*Problem requirements:* Pictures aside, repeat all the entries below exactly as they appear.
* * * * * * *
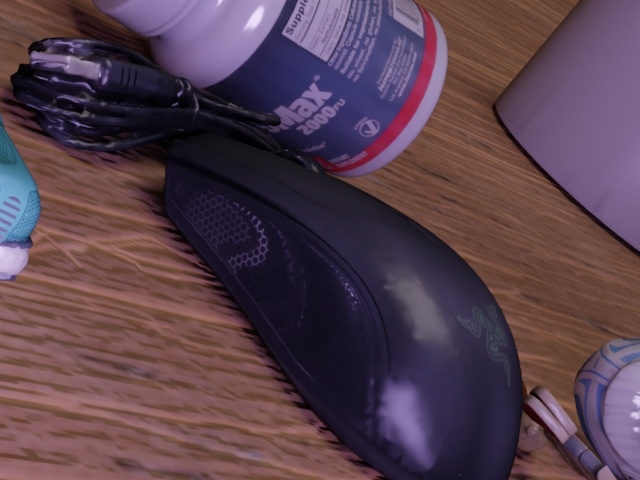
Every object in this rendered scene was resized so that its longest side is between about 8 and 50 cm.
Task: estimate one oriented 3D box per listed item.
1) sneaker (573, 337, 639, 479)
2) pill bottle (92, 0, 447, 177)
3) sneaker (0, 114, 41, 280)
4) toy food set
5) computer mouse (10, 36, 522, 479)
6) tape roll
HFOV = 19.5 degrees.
* * * * * * *
*Solution for this task:*
Every object in this rendered scene was resized so that its longest side is between about 8 and 50 cm.
Task: estimate one oriented 3D box per listed item.
1) sneaker (573, 337, 639, 479)
2) pill bottle (92, 0, 447, 177)
3) sneaker (0, 114, 41, 280)
4) toy food set
5) computer mouse (10, 36, 522, 479)
6) tape roll
HFOV = 19.5 degrees.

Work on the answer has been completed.